Exercise
Return all the lines below exactly. Any picture among them is omitted.

Data
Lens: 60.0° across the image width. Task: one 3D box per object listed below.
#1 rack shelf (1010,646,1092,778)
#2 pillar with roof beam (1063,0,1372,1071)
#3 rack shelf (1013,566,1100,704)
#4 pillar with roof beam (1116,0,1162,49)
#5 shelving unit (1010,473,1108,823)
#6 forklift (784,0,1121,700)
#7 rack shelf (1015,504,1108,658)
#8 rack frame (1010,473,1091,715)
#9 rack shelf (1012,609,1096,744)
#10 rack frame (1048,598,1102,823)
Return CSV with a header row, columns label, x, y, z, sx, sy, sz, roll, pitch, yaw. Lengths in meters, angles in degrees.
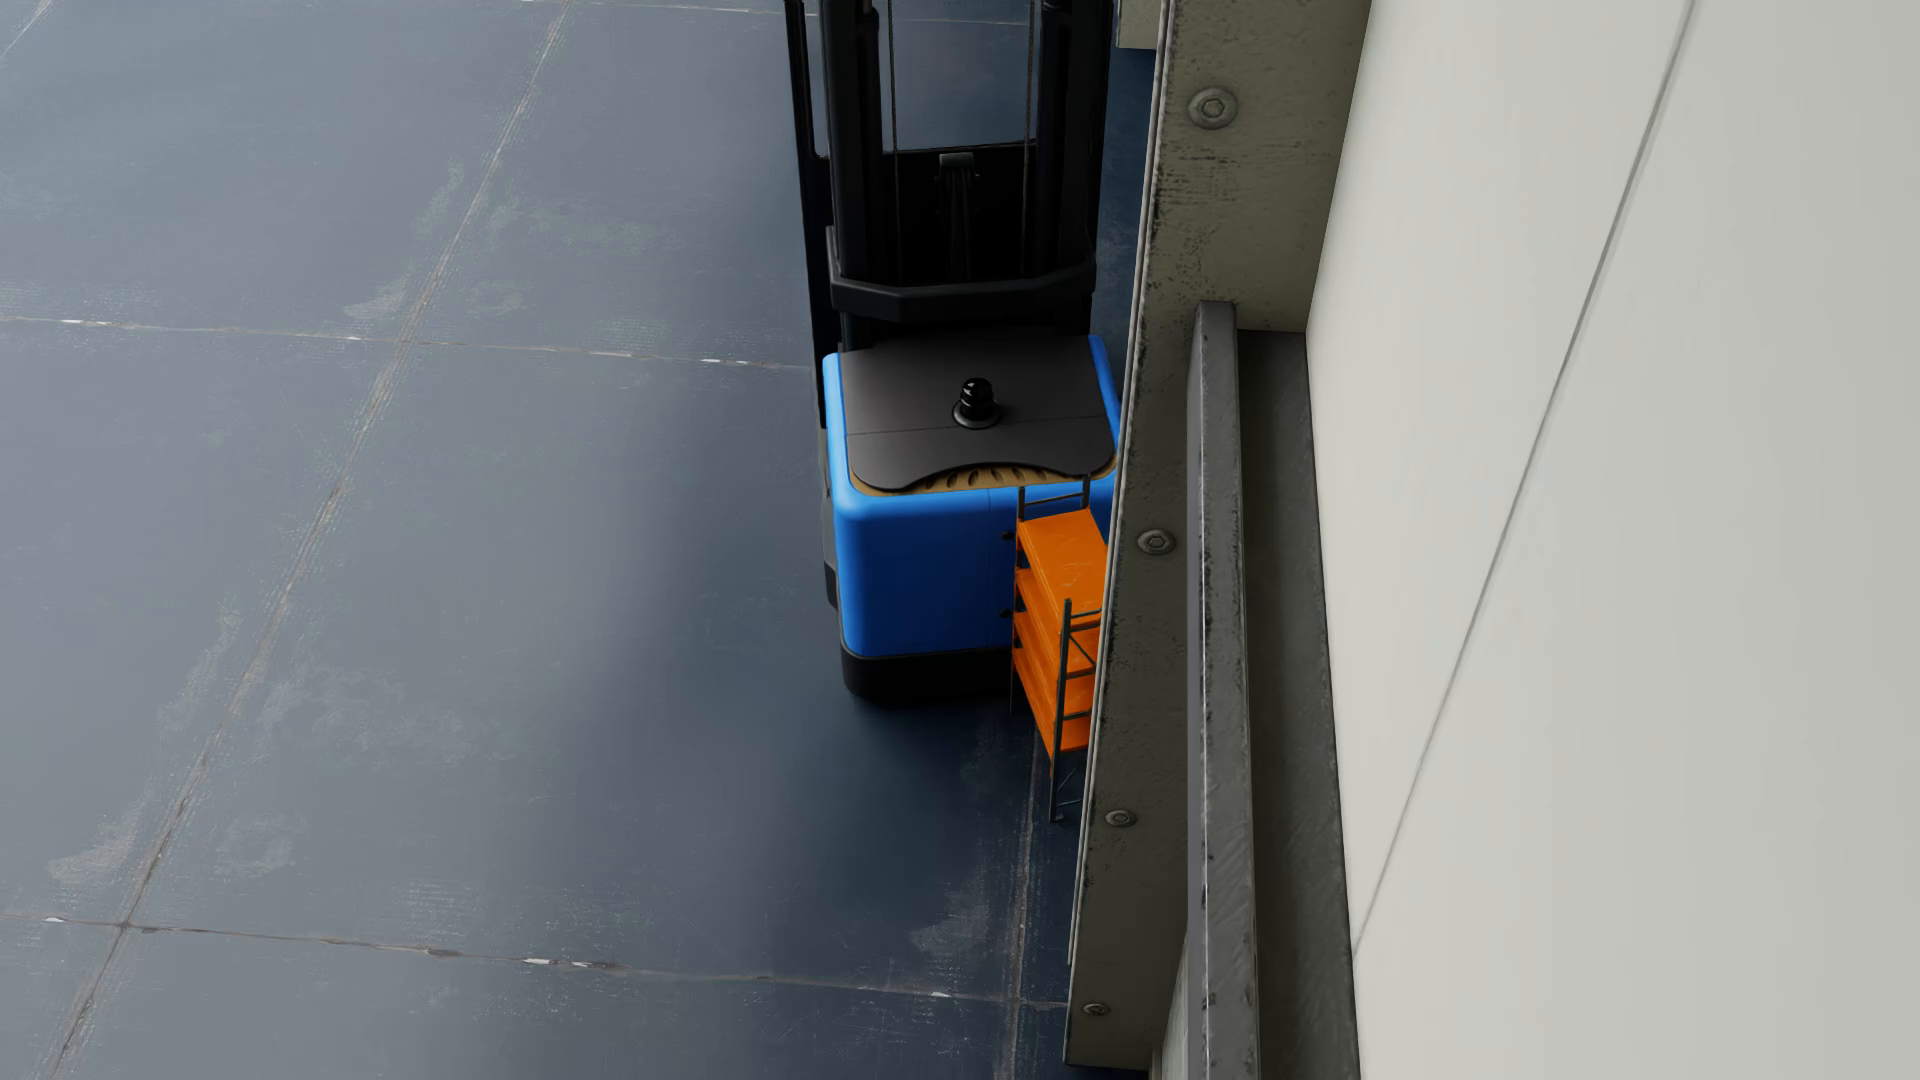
label,x,y,z,sx,sy,sz,roll,pitch,yaw
rack shelf,0.366,0.570,5.802,0.258,0.148,0.480,-11,49,-10
pillar with roof beam,-3.790,-1.807,2.330,9.100,9.000,0.400,4,48,4
rack shelf,0.366,0.285,5.490,0.258,0.148,0.480,-11,49,-10
pillar with roof beam,-3.243,-6.216,6.363,9.100,9.000,0.400,4,48,4
shelving unit,0.366,0.390,5.606,0.258,1.200,0.503,-11,49,-10
forklift,-0.062,-1.494,6.156,1.130,2.935,3.031,-5,48,-4
rack shelf,0.366,0.125,5.316,0.258,0.148,0.480,-11,49,-10
rack frame,0.303,0.216,5.765,0.240,1.200,0.015,-11,49,-10
rack shelf,0.366,0.436,5.656,0.258,0.148,0.480,-11,49,-10
rack frame,0.430,0.564,5.447,0.240,1.200,0.015,-11,49,-10

Result for this task
Lens: 60.0° across the image width. Task: one 3D box per object listed below.
#1 rack shelf (1010,646,1092,778)
#2 pillar with roof beam (1063,0,1372,1071)
#3 rack shelf (1013,566,1100,704)
#4 pillar with roof beam (1116,0,1162,49)
#5 shelving unit (1010,473,1108,823)
#6 forklift (784,0,1121,700)
#7 rack shelf (1015,504,1108,658)
#8 rack frame (1010,473,1091,715)
#9 rack shelf (1012,609,1096,744)
#10 rack frame (1048,598,1102,823)
Return CSV with a header row, columns label, x, y, z, sx, sy, sz, roll, pitch, yaw. Lengths in meters, angles in degrees.
label,x,y,z,sx,sy,sz,roll,pitch,yaw
rack shelf,0.366,0.570,5.802,0.258,0.148,0.480,-11,49,-10
pillar with roof beam,-3.790,-1.807,2.330,9.100,9.000,0.400,4,48,4
rack shelf,0.366,0.285,5.490,0.258,0.148,0.480,-11,49,-10
pillar with roof beam,-3.243,-6.216,6.363,9.100,9.000,0.400,4,48,4
shelving unit,0.366,0.390,5.606,0.258,1.200,0.503,-11,49,-10
forklift,-0.062,-1.494,6.156,1.130,2.935,3.031,-5,48,-4
rack shelf,0.366,0.125,5.316,0.258,0.148,0.480,-11,49,-10
rack frame,0.303,0.216,5.765,0.240,1.200,0.015,-11,49,-10
rack shelf,0.366,0.436,5.656,0.258,0.148,0.480,-11,49,-10
rack frame,0.430,0.564,5.447,0.240,1.200,0.015,-11,49,-10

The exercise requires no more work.